● Activity: Your output should be the lines from the one with "This picture is" through the end of the entries below, set down word for word and nothing else.

Extracted data entries
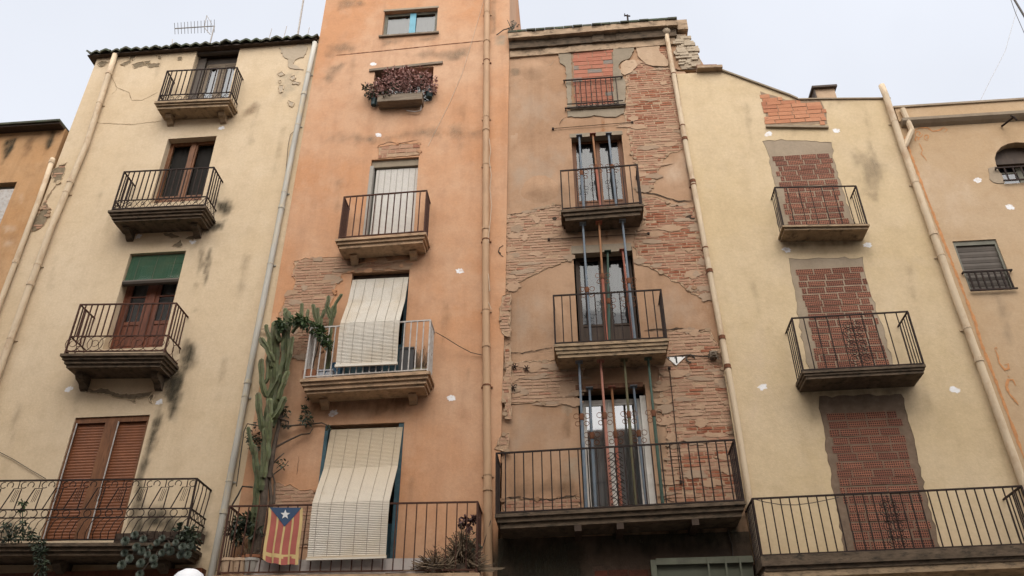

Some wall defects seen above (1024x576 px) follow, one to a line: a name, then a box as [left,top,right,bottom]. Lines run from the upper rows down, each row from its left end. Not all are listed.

spalling [97,56,162,69]
spalling [278,71,301,107]
peeling [378,142,422,159]
peeling [51,162,67,185]
peeling [616,46,712,301]
peeling [31,200,51,232]
peeling [261,256,413,360]
peeling [499,202,590,420]
water stain [141,344,193,471]
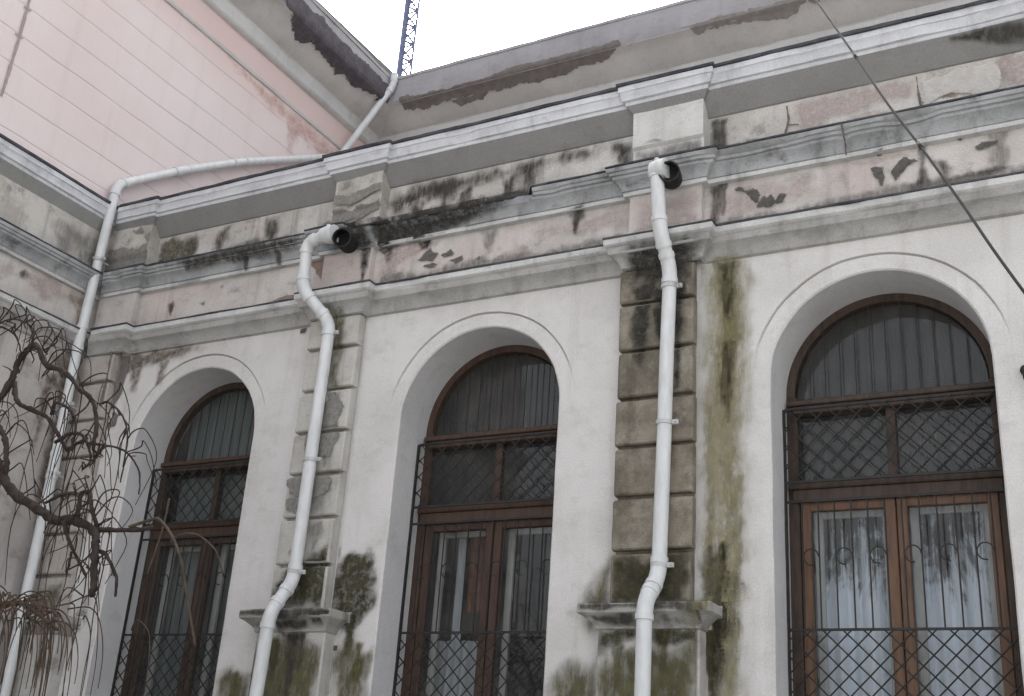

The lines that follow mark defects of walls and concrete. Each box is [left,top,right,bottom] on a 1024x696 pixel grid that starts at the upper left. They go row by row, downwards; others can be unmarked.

peeling [286,0,620,110]
damp [159,220,295,271]
spalling [378,243,480,282]
damp [341,160,541,282]
damp [573,205,583,232]
spalling [735,187,786,207]
spalling [871,148,918,186]
spalling [975,140,998,150]
damp [629,243,662,361]
damp [652,238,743,696]
damp [580,557,650,665]
damp [345,613,362,680]
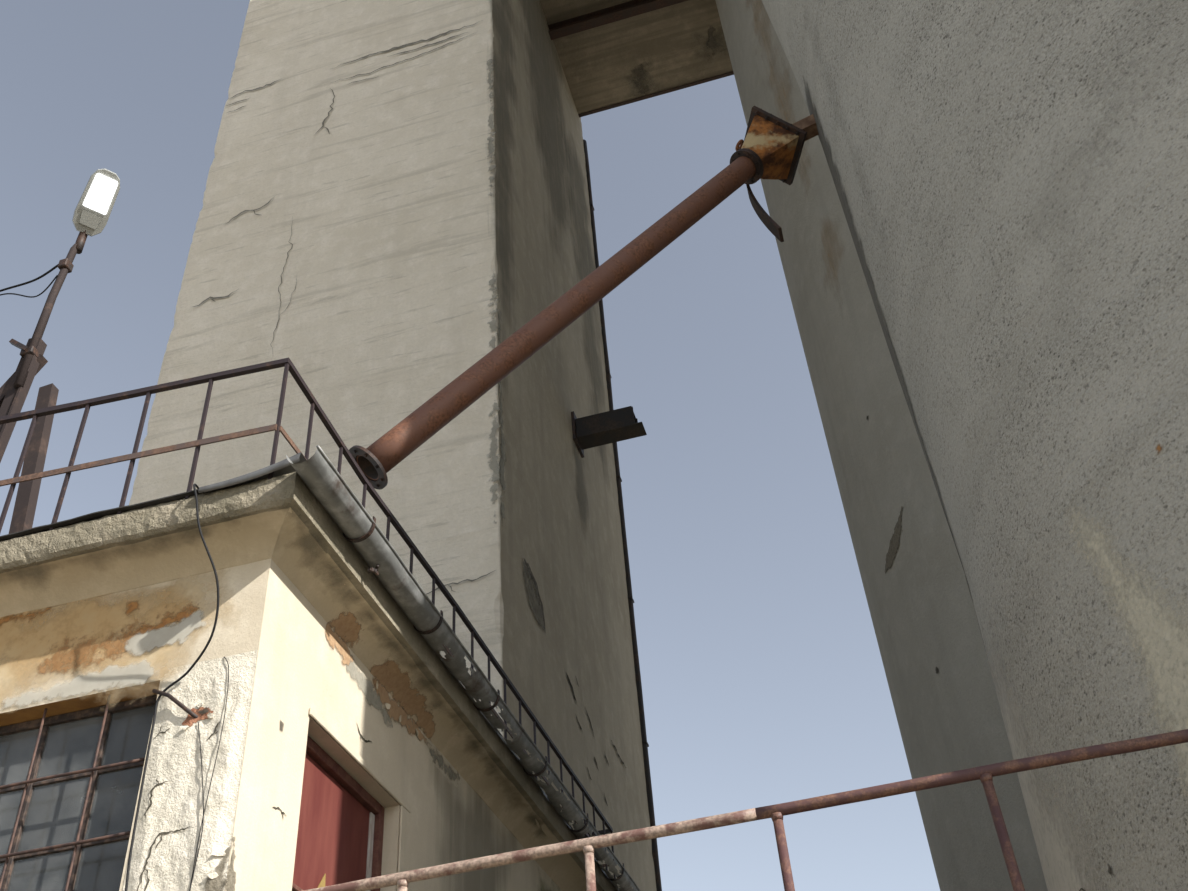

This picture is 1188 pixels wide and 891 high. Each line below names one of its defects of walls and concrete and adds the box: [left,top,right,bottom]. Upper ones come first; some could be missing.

crack [315,88,335,134]
crack [223,197,297,352]
spalling [181,702,214,731]
peeling [326,612,460,780]
crack [137,779,193,891]

● Completed exercise:
This picture is 1188 pixels wide and 891 high. Each line below names one of its defects of walls and concrete and adds the box: [left,top,right,bottom]. Upper ones come first; some could be missing.

crack [315,88,335,134]
crack [223,197,297,352]
spalling [181,702,214,731]
peeling [326,612,460,780]
crack [137,779,193,891]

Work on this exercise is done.